Plus we should probably add this to our Getting Started guides in the documentation to help people using Gefyra when working with Colima.

@ventsislav-georgiev would be great if you could try out the given commands. If everything works, please let us know.

ventsislav-georgiev commented 2 years ago

Thanks! I will be able to test it next week.

SteinRobert commented 2 years ago

Was just wondering - @ventsislav-georgiev did you have the time to check out my comment? :)

ventsislav-georgiev commented 2 years ago

Hey @SteinRobert, unfortunately I was not able to test it the way you described. I've already upgraded to macOS Ventura and colima has issues with exposing network address on it. ref: https://github.com/abiosoft/colima/issues/457

SteinRobert commented 2 years ago

Oh no this is kind of unfortunate. Thank you for the quick update, though.

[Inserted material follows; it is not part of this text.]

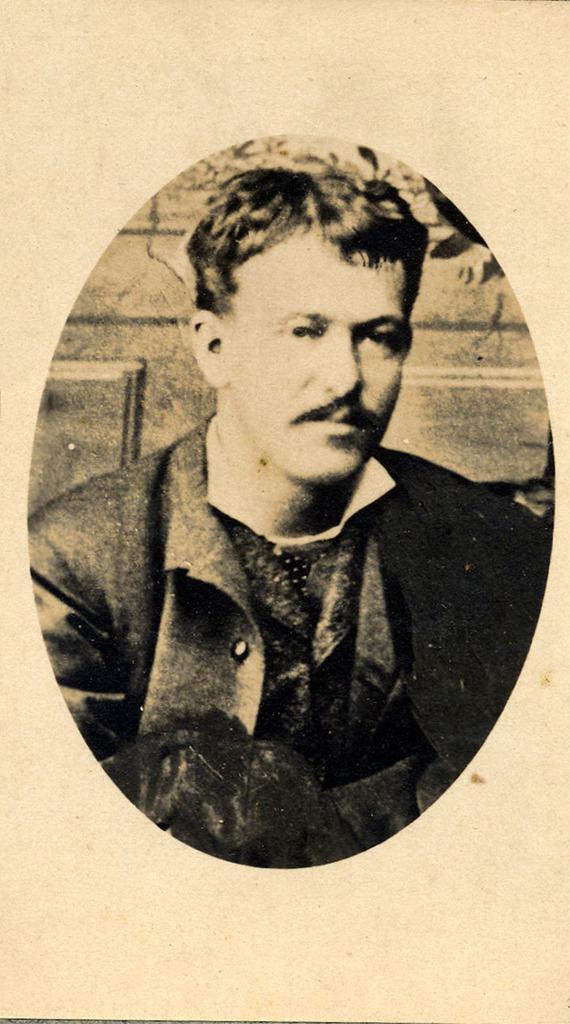Can you describe this image briefly? In the image we can see the poster, in the poster we can see a photo of a man wearing clothes. 
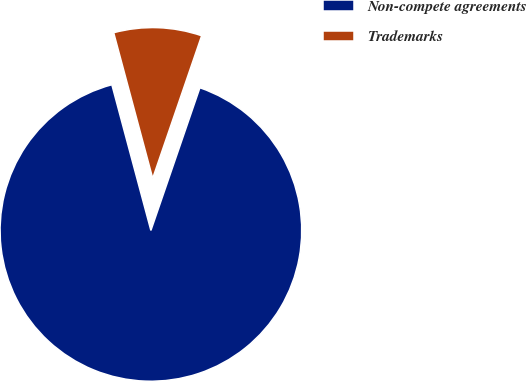<chart> <loc_0><loc_0><loc_500><loc_500><pie_chart><fcel>Non-compete agreements<fcel>Trademarks<nl><fcel>90.57%<fcel>9.43%<nl></chart>

As long as we cannot connect to the node through the --endpoint Gefyra can't work its magic. It is absolutely necessary to reroute the network traffic accordingly.

Let's keep an eye on this.

ventsislav-georgiev commented 2 years ago

Isn't it possible to make it work with 127.0.0.1? Since colima automatically port-forwards anything from the VM on the host. If Gefyra creates a NodePort service in the cluster, the port will be open on localhost on the host.

SteinRobert commented 2 years ago

Hey I'll talk to my colleague on this matter later - however from my understanding it is not possible to resolve 127.0.0.1 from inside the cargo container to your machine's localhost. I'll get back to you on this though.

ventsislav-georgiev commented 2 years ago

Calling the host from the cluster is done in colima via the 192.168.5.15 IP. ref: https://github.com/lima-vm/lima/blob/master/docs/network.md#host-ip-19216852

abiosoft commented 2 years ago

Hey @SteinRobert, unfortunately I was not able to test it the way you described. I've already upgraded to macOS Ventura and colima has issues with exposing network address on it. ref: abiosoft/colima#457

This should be resolved now.

SteinRobert commented 2 years ago

@abiosoft thank you for fixing this and letting us know!